3 min read

DBSCAN

1 Introduction

The next unsupervised machine learning cluster algorithms is the Density-Based Spatial Clustering and Application with Noise (DBSCAN). DBSCAN is a density-based clusering algorithm, which can be used to identify clusters of any shape in a data set containing noise and outliers.

2 Loading the libraries

import pandas as pd
import numpy as np
import matplotlib.pyplot as plt
from sklearn.datasets import make_blobs

from sklearn.preprocessing import StandardScaler

from sklearn.cluster import KMeans
from sklearn.cluster import DBSCAN

from sklearn.metrics.cluster import adjusted_rand_score

3 Introducing DBSCAN

The basic idea behind DBSCAN is derived from a human intuitive clustering method.

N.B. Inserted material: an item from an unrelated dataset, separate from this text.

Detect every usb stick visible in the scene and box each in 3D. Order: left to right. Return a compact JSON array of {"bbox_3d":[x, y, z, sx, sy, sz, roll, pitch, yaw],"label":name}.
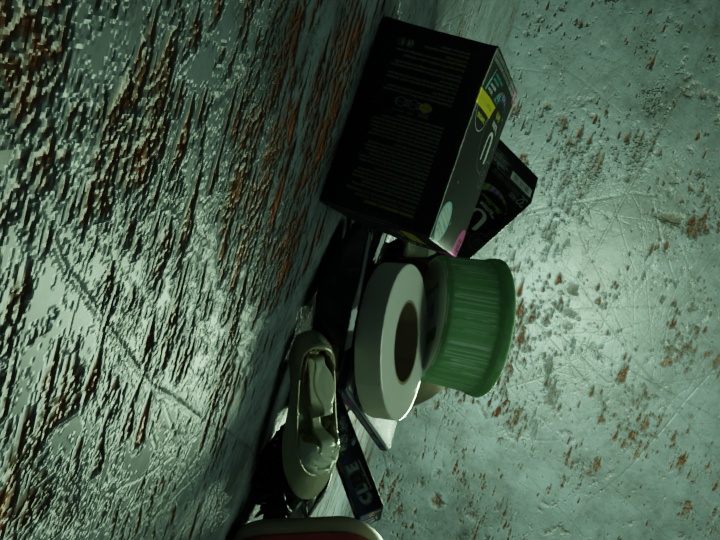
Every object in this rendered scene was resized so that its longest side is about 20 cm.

If you have a look at the picture below you can easily identify 2 clusters along with several points of noise, because of the differences in the density of points.

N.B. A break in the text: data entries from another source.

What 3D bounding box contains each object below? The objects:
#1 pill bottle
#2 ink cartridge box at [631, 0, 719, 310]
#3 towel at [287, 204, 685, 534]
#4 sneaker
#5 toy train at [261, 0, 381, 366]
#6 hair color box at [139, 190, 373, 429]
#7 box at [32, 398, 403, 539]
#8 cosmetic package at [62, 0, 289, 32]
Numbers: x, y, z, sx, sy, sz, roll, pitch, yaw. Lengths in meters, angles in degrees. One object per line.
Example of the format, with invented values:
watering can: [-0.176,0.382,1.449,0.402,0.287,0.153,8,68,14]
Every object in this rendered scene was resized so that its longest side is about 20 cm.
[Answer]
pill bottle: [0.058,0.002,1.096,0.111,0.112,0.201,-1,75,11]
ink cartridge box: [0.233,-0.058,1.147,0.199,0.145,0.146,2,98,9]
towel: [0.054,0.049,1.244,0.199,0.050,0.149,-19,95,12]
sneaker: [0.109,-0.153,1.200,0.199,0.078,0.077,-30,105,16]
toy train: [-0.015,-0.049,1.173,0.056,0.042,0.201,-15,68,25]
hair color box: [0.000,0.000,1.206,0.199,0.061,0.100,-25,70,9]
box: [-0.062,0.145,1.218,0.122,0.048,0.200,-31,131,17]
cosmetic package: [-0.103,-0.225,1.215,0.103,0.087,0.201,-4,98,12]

Clusters are dense regions in the data space, separated by regions of lower density of points. The Density-Based Spatial Clustering and Application with Noise algorithm is based on this intuitive notion of “clusters” and “noise”. The key idea is that for each point of a cluster, the neighborhood of a given radius has to contain at least a minimum number of points.

4 DBSCAN with Scikit-Learn

In the following I will show you an example of some of the strengths of DBSCAN clustering when k-means clustering doesn’t seem to handle the data shape well.

4.1 Data preparation

For an illustrative example, I will create a data set artificially.

# generate some random cluster data
X, y = make_blobs(random_state=170, n_samples=500, centers = 5)
# transform the data to be stretched
rng = np.random.RandomState(74)
transformation = rng.normal(size=(2, 2))
X = np.dot(X, transformation)
plt.scatter(X[:, 0], X[:, 1])
plt.xlabel("Feature 1")
plt.ylabel("Feature 2")
plt.show()

# scaling the data
scaler = StandardScaler()
X_scaled = scaler.fit_transform(X)

4.2 k-Means

If you want to find out exactly how k-Means works have a look at this post of mine: “k-Means Clustering”

# cluster the data into five clusters
kmeans = KMeans(n_clusters=5)
kmeans.fit(X_scaled)
y_pred = kmeans.predict(X_scaled)
# plot the cluster assignments and cluster centers

plt.scatter(X[:, 0], X[:, 1], c=y_pred, cmap="viridis")
plt.xlabel("Feature 1")
plt.ylabel("Feature 2")

We can measure the performance with the adjusted_rand_score

#k-means performance:
print("ARI =", adjusted_rand_score(y, y_pred))

4.3 DBSCAN

# cluster the data into five clusters
dbscan = DBSCAN(eps=0.123, min_samples = 2)

clusters = dbscan.fit_predict(X_scaled)
# plot the cluster assignments
plt.scatter(X[:, 0], X[:, 1], c=clusters, cmap="viridis")
plt.xlabel("Feature 1")
plt.ylabel("Feature 2")

#DBSCAN performance:
print("ARI =", adjusted_rand_score(y, clusters))

Here we see that the performance of the DBSCANS is much higher than k-means with this data set.

Let’s have a look at the labels:

labels = dbscan.labels_
labels

We can also add them to the original record.

X_df = pd.DataFrame(X)
db_cluster = pd.DataFrame(labels)  

df = pd.concat([X_df, db_cluster], axis=1)
df.columns = ['Feature 1', 'Feature 2', 'db_cluster']
df.head()

Let’s have a detailed look at the generated clusters:

view_cluster = df['db_cluster'].value_counts().T
view_cluster = pd.DataFrame(data=view_cluster)
view_cluster = view_cluster.reset_index()
view_cluster.columns = ['db_cluster', 'count']
view_cluster.sort_values(by='db_cluster', ascending=False)

As we can see from the overview above, a point was assigned to cluster -1. This is not a cluster at all, it’s a noisy point.

# Number of clusters in labels, ignoring noise if present.
n_clusters_ = len(set(labels)) - (1 if -1 in labels else 0)
print('Estimated number of clusters: %d' % n_clusters_)

5 Conclusion

The example in this post showed that clustering also depends heavily on the distribution of the data points and that it is always worth trying out several cluster algorithms.